Todo lo que había dicho fue que era sueco, rubio, de ojos azules y muy “corpulento”. De su cara había dicho: “No creo que asuste a nadie”.

Anna y su hermano se rieron cuando James lo leyó, y los dos coincidieron en que Lindstrom parecía tener sentido del humor. Al ir ahora a su encuentro por primera vez, Anna deseó con fervor que así fuera, pues él lo necesitaría antes de lo que se imaginaba.

En un esfuerzo por disipar sus temores, Anna se puso a pensar en cómo sería Lindstrom. ¿Sería buen mozo? ¿Cómo sería el timbre de su voz? ¿Su modo de ser? ¿Qué clase de marido sería? ¿Considerado o severo? ¿Tierno o rudo? ¿Indulgente o intolerante? Esto, sobre todo, preocupaba a Anna, pues ¿qué hombre no se enojaría al enterarse de que su mujer no era virgen? De sólo pensarlo, le ardieron las mejillas y se le revolvió el estómago. De todas sus mentiras, aquélla era la más grave y la menos perdonable. Era la que más fácilmente podría ocultarle a Karl hasta que fuera demasiado tarde para que él pudiera reaccionar; sin embargo, no pudo evitar que un sudor frío y húmedo le recorriera el cuerpo.

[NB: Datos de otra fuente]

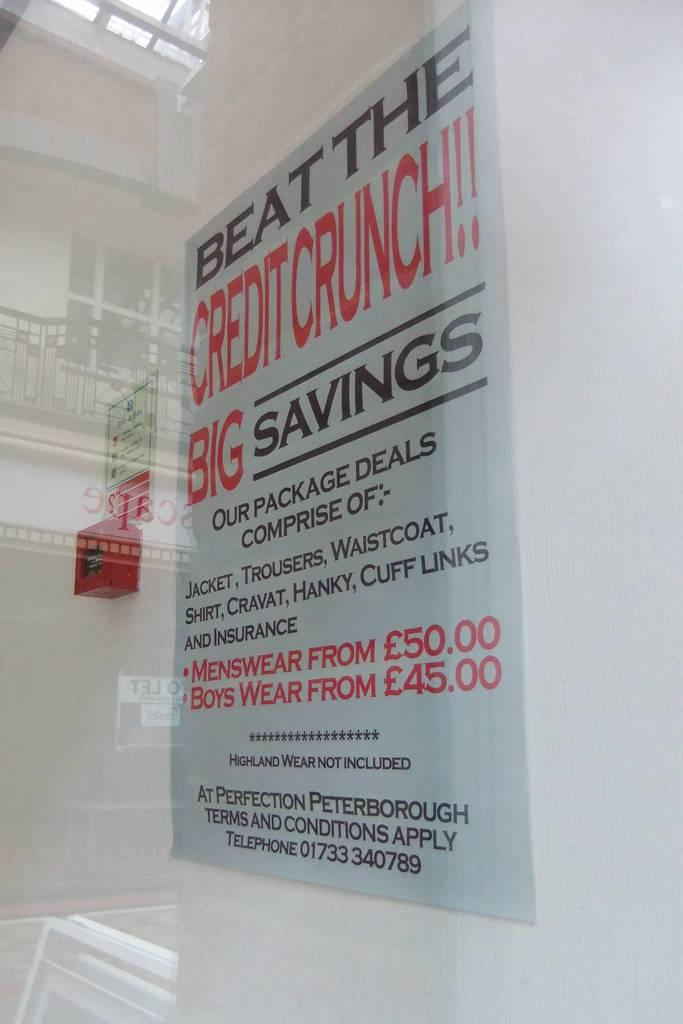What type of location is depicted in the image? The image shows the interior of a building. What can be seen on the walls in the image? There are boards visible in the image, and something is written on them. What color is the wall in the image? There is a white wall in the image. What type of locket is hanging from the frame in the image? There is no locket or frame present in the image; it only shows boards on a white wall. What type of operation is being performed in the image? There is no operation or medical procedure depicted in the image. 
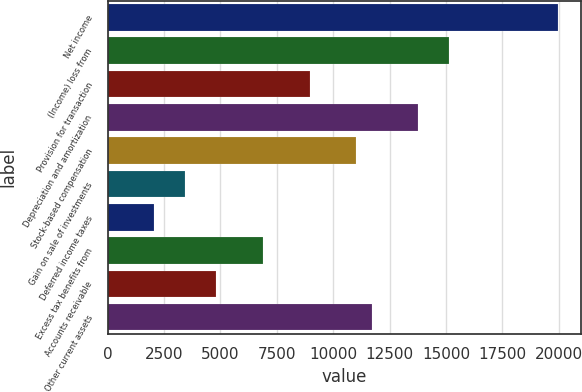Convert chart to OTSL. <chart><loc_0><loc_0><loc_500><loc_500><bar_chart><fcel>Net income<fcel>(Income) loss from<fcel>Provision for transaction<fcel>Depreciation and amortization<fcel>Stock-based compensation<fcel>Gain on sale of investments<fcel>Deferred income taxes<fcel>Excess tax benefits from<fcel>Accounts receivable<fcel>Other current assets<nl><fcel>19974.3<fcel>15153.4<fcel>8955.1<fcel>13776<fcel>11021.2<fcel>3445.5<fcel>2068.1<fcel>6889<fcel>4822.9<fcel>11709.9<nl></chart>

James Reardon se había hecho cómplice voluntario del plan urdido por su hermana. En realidad, fue el primero en encontrar el anuncio de Lindstrom, y se lo mostró a Anna. Pero como su hermana no sabía ni leer ni escribir, le tocó a él ocuparse de las cartas. Al principio resultó fácil hacer una acertada descripción del tipo de mujer que Lindstrom deseaba. Sin embargo, a medida que el tiempo corría, James se dio cuenta de que se estaban enredando en una trama que ellos mismos habían tejido. El muchacho había insistido en que Lindstrom supiera, por lo menos, que él, James, también iría. Pero Anna pudo más. Había argumentado que si Karl conociera la verdad, sus esperanzas de escapar de Boston se verían frustradas.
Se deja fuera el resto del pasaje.